In the event of a failure, the audit partition 26 and any archive media 
allow rollback of the state of the hard disk to a previous known state. 
The rollback function is separate on-line audit system. Typically, 
rollback is performed via a utility program that accesses the on-line 
system. Flow charts outlining the rollback step are provided in FIGS. 7 
and 8. 
In FIG. 7, the user selects a marker designating a prior desired state in 
block 72. The markers are contained in the audit buffer, and may be used 
to replay the history of the hard disk in reverse order. The history 
comprises the time and date of each event; typically, audit events are not 
displayed as part of the history. From the history, the user may select a 
time to which the state of the hard disk will be restored. The only events 
that are replayed are audit events (the events that capture the before 
image data).
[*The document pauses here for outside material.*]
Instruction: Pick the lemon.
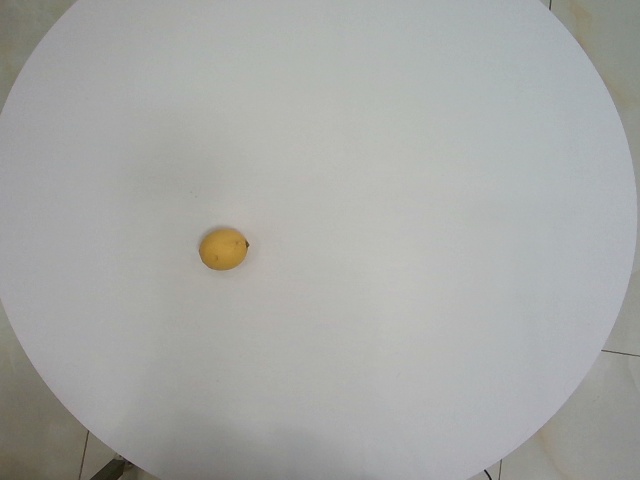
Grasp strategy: vertical

The other events are used by the user to determine the time 
to which the hard disk is to be restored. 
Once a marker is selected, the audit state is disabled in block 74 and the 
interim audit events are processed in reverse order until the selected 
marker is reached (blocks 76 and 78). 
FIG. 8 illustrates a flow diagram describing the steps of block 76 of FIG. 
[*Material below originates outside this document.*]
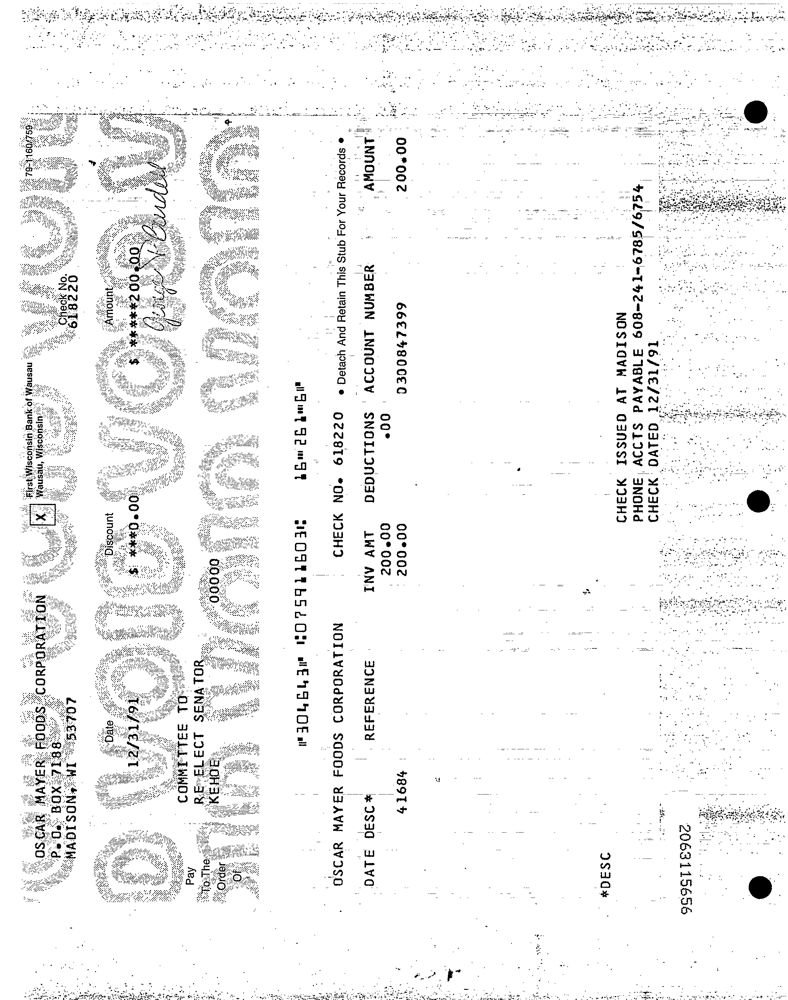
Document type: Invoice

7. In processing the audit events, sector data is read in reverse order 
(block 80). If archive disk is required in decision block 82, then the 
disk or disks are requested in reverse order in block 84. In block 86, the 
sector data and its associated location on the hard disk (the location the 
data occupied prior to transfer to the audit buffer) are read from the 
appropriate media, audit buffer 30 or archive disk. The sector data is 
then written to the respective location in block 88. The process audit 
events steps are repeated until the selected marker is reached. At that 
point, the hard disk has been restored to the selected rollback point. 
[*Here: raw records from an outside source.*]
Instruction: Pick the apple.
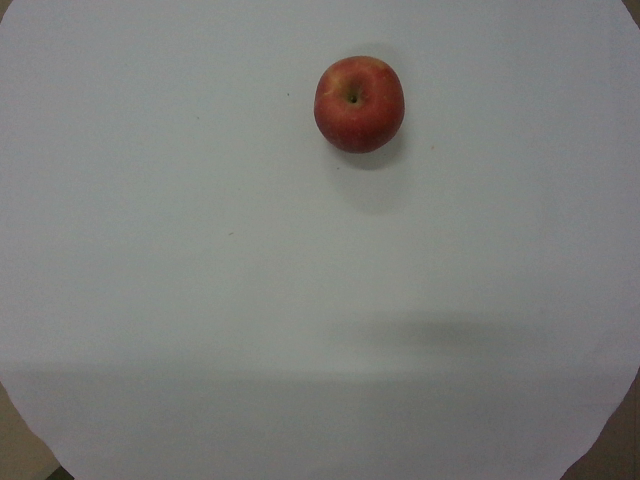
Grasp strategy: vertical
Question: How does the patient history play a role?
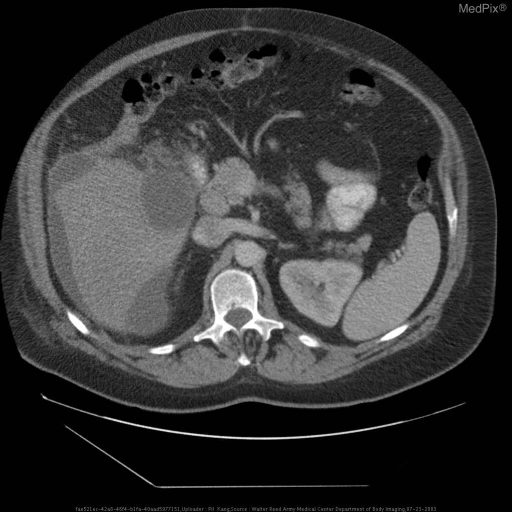
Answer: The patient's history of s/p recent laparoscopic cholecystectomy, now with fevers and abdominal pain is key in understanding the case.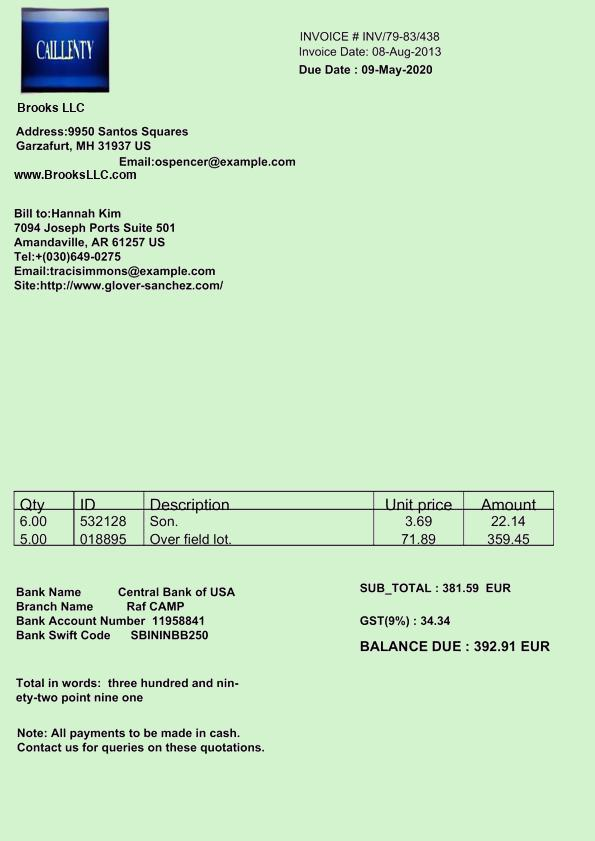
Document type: Invoice

After rollback is thus completed, and the user exits the utility, the 
utility will reboot the operating system. After the operating system is 
loaded, the hard disks will contain the data as of the time of the 
selected rollback point. All other data that had been stored on the disk 
after the rollback point will have been removed and replaced with the 
previous data. 
The present invention is applicable to any mass storage media wherein old 
data may be overwritten with new data. While the mass media described 
herein is described as a "disk", it should be noted that other structures, 
such as a drum structure, could similarly be used without affecting the 
applicability of the present invention. Further, it should be noted that 
while the mass storage media typically remains with the computer system 
10, the present invention may be used with removable media as well. 
In contrast to DBMS transaction rollbacks, the present invention provides 
an audit trail based on a data stream and system events which occur during 
the data stream, independent of how the data is structured or of the 
beginning or end of a transaction. This provides the ability to 
efficiently rollback data to a desired state responsive to a failure. 
Although the present invention and its advantages have been described in 
detail, it should be understood that various changes, substitutions and 
alterations can be made herein without departing from the spirit and scope 
of the invention as defined by the appended claims.